Жена бушевала еще добрых полчаса, но он так и не стал защищаться. Весь дом сотрясался от порывов ноябрьского ветра, и под речи Коры свинцовое стылое небо опять пошло сыпать снегом.
— Отвечай мне! — кричала она. — Ты что, совсем рехнулся? Ухлопать наши кровные денежки на тряпье, которое и носить-то нельзя!
— На чердаке… — начал Уильям.
Кора, не слушая, ушла в гостиную.
Снег повалил вовсю, стало холодно и темно — настоящий ноябрьский вечер. Кора слышала, как Уильям снова медленно полез по приставной лестнице на чердак, в это пыльное хранилище Прошлого, в мрачную дыру, где только и есть что старая одежда, подгнившие балки да Время, в чужой, особый мир, совсем не такой, как здесь, внизу.
Он опустил крышку люка. Вспыхнул карманный фонарик — другого спутника ему не надо. Да, оно все здесь — Время, собранное, сжатое, точно японский бумажный цветок. Одно прикосновение памяти — и все раскроется, обернется прозрачной росой мысли, вешним ветерком, чудесными цветами — огромными, каких не бывает в жизни. Выдвинь любой ящик комода — и найдешь под горностаевой мантией пыли двоюродных сестриц, тетушек, бабушек. Да, конечно, здесь укрылось Время. Ощущаешь его дыхание — оно разлито в воздухе.
Теперь весь дом там, внизу, был так же далек, как любой давно минувший день. Полузакрыв глаза, Уильям опять и опять обводил взглядом затихший в ожидании чердак.
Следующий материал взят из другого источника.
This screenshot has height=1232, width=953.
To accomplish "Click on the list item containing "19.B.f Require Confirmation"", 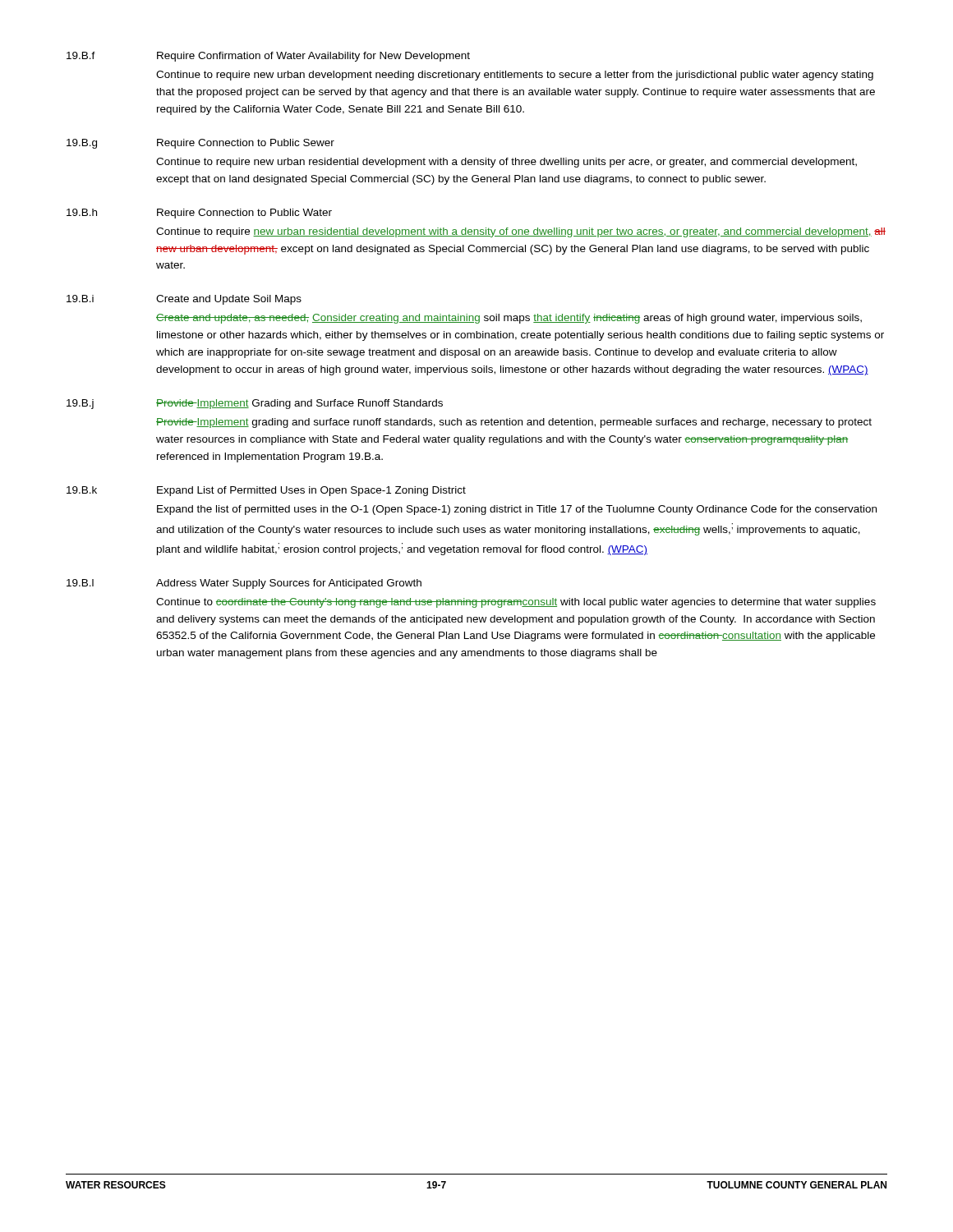I will [268, 55].
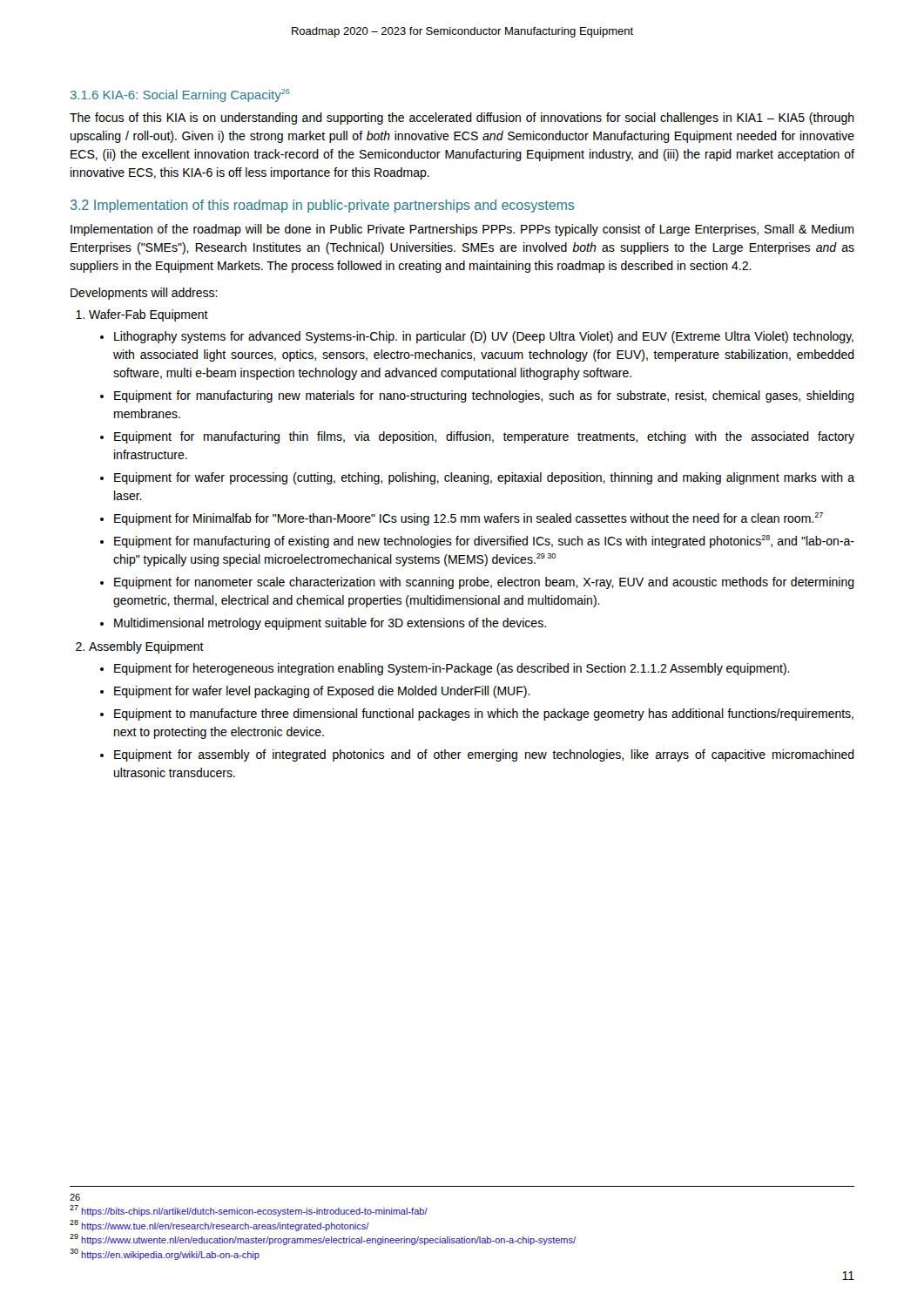Select the region starting "Equipment for nanometer scale characterization with scanning probe,"

(484, 591)

Здесь в хрустальной люстре дремали радуги и ранние утра, и полдни — такие игристые, словно молодые реки, неустанно текущие вспять сквозь Время. Луч фонарика разбудил их, и они ожили и затрепетали, и радуги взметнулись среди теней и окрасили их в яркие цвета — в цвет сливы, и земляники, и винограда, и свежеразрезанного лимона, и в цвет послегрозового неба, когда ветер только-только разогнал тучи и проглянула омытая синева. А чердачная пыль горела и курилась, как ладан, это горело Время, и оставалось лишь вглядеться в огонь. Поистине, этот чердак — великолепная Машина времени, да, конечно, так оно и есть! Только тронь вон те граненые подвески да эти дверные ручки, потяни кисти шнуров, зазвени стеклом, подними вихрь пыли, откинь крышку сундука и, точно мехами органа, поработай старыми каминными мехами, пока не запорошит тебе глаза пеплом и золой давно погасшего огня, — и вот, если сумеешь играть на этом старинном инструменте, если обласкаешь каждую частицу этого теплого и сложного механизма, его бесчисленные рычажки, двигатели и переключатели, тогда, тогда — о, тогда!..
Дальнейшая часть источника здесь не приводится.